A new study by Mirakl finds that, while consumers across Western Europe are shopping more than ever, they are increasingly looking for bargains – and their first port of call is Amazon.

According to the research, 85% of 25-34 year olds say they often check the price of an item on Amazon before completing their purchase elsewhere, and 71% of shoppers admit they have stopped shopping with a retailer because another website offered a better price.

Young professionals were the most demanding shoppers, with 32% saying they shop with more than 5 retailers a month on average (compared to 20% of Gen Z saying the same and 21% of shoppers aged 55 and over). And if a retailer fails to deliver, they aren’t afraid to talk with their feet; 89% of consumers say they have experienced an out-of-stock product with 73% completing the purchase at another retailer website. One third vocalised that this makes them less likely to shop with that retailer again in the future.

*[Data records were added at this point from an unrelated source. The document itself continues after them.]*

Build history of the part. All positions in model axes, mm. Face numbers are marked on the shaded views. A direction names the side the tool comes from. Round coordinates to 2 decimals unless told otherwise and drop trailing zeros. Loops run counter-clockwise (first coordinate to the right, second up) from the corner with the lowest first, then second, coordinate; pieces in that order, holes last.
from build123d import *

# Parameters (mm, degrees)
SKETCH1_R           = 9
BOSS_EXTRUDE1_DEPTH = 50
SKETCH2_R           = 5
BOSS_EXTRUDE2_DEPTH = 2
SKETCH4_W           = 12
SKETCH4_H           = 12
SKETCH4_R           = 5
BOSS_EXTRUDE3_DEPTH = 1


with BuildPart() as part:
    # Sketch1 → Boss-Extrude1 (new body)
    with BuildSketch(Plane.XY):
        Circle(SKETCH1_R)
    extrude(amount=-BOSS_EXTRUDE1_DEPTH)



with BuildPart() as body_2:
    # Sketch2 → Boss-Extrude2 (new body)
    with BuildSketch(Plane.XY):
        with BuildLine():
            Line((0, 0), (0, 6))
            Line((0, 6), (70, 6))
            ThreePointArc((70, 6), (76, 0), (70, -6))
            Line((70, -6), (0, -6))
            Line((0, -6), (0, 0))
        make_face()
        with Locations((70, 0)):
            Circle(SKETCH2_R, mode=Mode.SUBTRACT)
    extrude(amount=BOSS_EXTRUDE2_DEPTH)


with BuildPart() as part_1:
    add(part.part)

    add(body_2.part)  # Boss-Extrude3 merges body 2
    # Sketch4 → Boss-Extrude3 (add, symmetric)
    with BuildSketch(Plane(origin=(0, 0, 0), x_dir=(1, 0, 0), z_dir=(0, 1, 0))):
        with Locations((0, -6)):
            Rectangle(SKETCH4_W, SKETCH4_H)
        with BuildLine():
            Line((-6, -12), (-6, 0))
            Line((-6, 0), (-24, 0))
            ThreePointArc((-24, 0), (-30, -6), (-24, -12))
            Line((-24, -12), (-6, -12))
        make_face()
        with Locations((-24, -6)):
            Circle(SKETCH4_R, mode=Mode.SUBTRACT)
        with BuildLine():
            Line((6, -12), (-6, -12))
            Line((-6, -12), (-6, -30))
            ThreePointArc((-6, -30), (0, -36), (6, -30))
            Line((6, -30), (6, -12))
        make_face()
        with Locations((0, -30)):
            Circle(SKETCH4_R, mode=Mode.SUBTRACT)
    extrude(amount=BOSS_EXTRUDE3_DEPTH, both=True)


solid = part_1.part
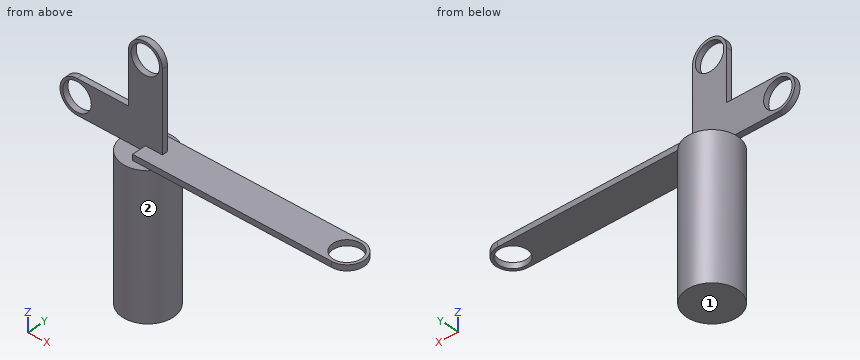
(1) Slice it at D-D on z = 15. List the corners of the cut face in (x, y), plus the area to 3 significant figures.
Responses:
outline: (-6, -1) - (6, -1) - (6, 1) - (-6, 1) - close
area: 24.0 mm2
(2) Probe line 1 (Z direction, x = 0, y = 0.4); line 2 (X direction, y = 0.35, z = 30); line 3 (X direction, y = -0.05, z = 6). List the from-to ranges inside material, lowest first.
Responses:
line 1: z = -50 to 25, 35 to 36
line 2: x = -6 to -5, 5 to 6
line 3: x = -30 to -29, -19 to 6
(3) Slice it at B-B on x = 67.5. List the corners of the cut face in (y, z), plus the area to 3 significant figures.
Responses:
outline: (-6, 0) - (-4.33, 0) - (-4.33, 2) - (-6, 2) - close; (4.33, 0) - (6, 0) - (6, 2) - (4.33, 2) - close
area: 6.68 mm2
(4) Slice it at C-C on y = -3. List the corners of the cut face in (x, z), plus the area to 3 significant figures.
Responses:
outline: (-8.49, -50) - (8.49, -50) - (8.49, 0) - (66, 0) - (66, 2) - (0, 2) - (0, 0) - (-8.49, 0) - close; (74, 0) - (75.2, 0) - (75.2, 2) - (74, 2) - close
area: 983 mm2
(5) Pin check, flat tips, straight feed: P1, Ø5, axis at y = -4.5, z = -17, coming from the -X side; P2, Ø1, axis at x = -12, y = 0, coming from the +Z side; P3, Ø0.6, axis at x = 48, z = 1.5, coming from the -Y side. Stop position of each tip, or through.
Responses:
P1: stops at x = -8.77
P2: stops at z = 12
P3: stops at y = -6
(6) Which spindle directions (+Z, -Z, +X, -X, +Y, -Y) get a long thin tool onto all of the face, cutting with end or side? Do the marked faces 1 and 2. Say none if no direction does.
Responses:
face 1: -Z, +X, -X, +Y, -Y
face 2: -Z
(7) Slice it at A-A on z = 6. List the corners of the cut face in (x, y).
Responses:
outline: (-30, -1) - (-29, -1) - (-29, 1) - (-30, 1) - close; (-19, -1) - (6, -1) - (6, 1) - (-19, 1) - close

With the increase of the on-demand and platform economy, more and more customers are looking for retailers to offer complimentary services alongside their products. Sixty-four percent of 25-34 year olds said they would be interested in purchasing services alongside their goods, such as installation for a washing machine, tennis lessons alongside new rackets or beauty services alongside make-up items.

“It’s clear that even in the experience-led world of modern shopping, consumers still seek a bargain. And with Amazon increasingly becoming the first destination for product searches, the risk to UK retailers is that they never get the chance to win the sale. The good news is that when offering choice and competitive prices, the research suggests consumers will remain loyal to a handful of sites – suggesting it’s not too late. Retailers should focus on delivering value for their customers, going stock-less can eradicate those out-of-stocks which result in a poor customer experience and if they aren’t already, consider offering services alongside their products to upsell customers at the crucial time.”
– Nick Bareham, UK Country Manager, Mirakl

The research is a stark indication that not only now do consumers demand engaging experiences and personalisation around their shopping experience, they also want low prices.

How to deliver this is going to increasingly sort those retailers that have mastered costs and those that haven’t. While consumers are using Amazon to check out the bargains, retailers need to look closely at how they can be the provider of those bargains and work at creating a marketplace strategy.

This echoes the warning by M&S ex-boss Marc Bolland, who last week urged ailing High Street retailers to partner with Amazon rather than trying to fight against it for precisely this reason.

Image: Fotolia

One Response

  1. “Partner with Amazon” yes very clever basically you have ran out of ideas. Some of the retailers deserve to go bust.
    Plus Amazon is not actually the best price for many things (but they have sold the myth now) , If it was not for the TV (they have some good programmes) doubt I would even bother with PRIME.
    Some more innovative retailers than M&S have got some excellent online platforms, so your ex M&S boss is just a ran out of ideas like M&S has done for years.
    Amazon look after Amazon, don’t dance with the devil
    Anyway Mirkal (advert this) could provide alternative sources of income for retailers as long as they are prepared to be “open and flexible” with a marketplace.
    We have been able to get rid of Amazon totally (no profit with them) and pretty much get rid of eBay now. This has been because we have been able to replace their poor margin business with much higher margin business from Retailer marketplaces in the EU and on a much more limited scope the UK….GAME last week outsold eBay for us.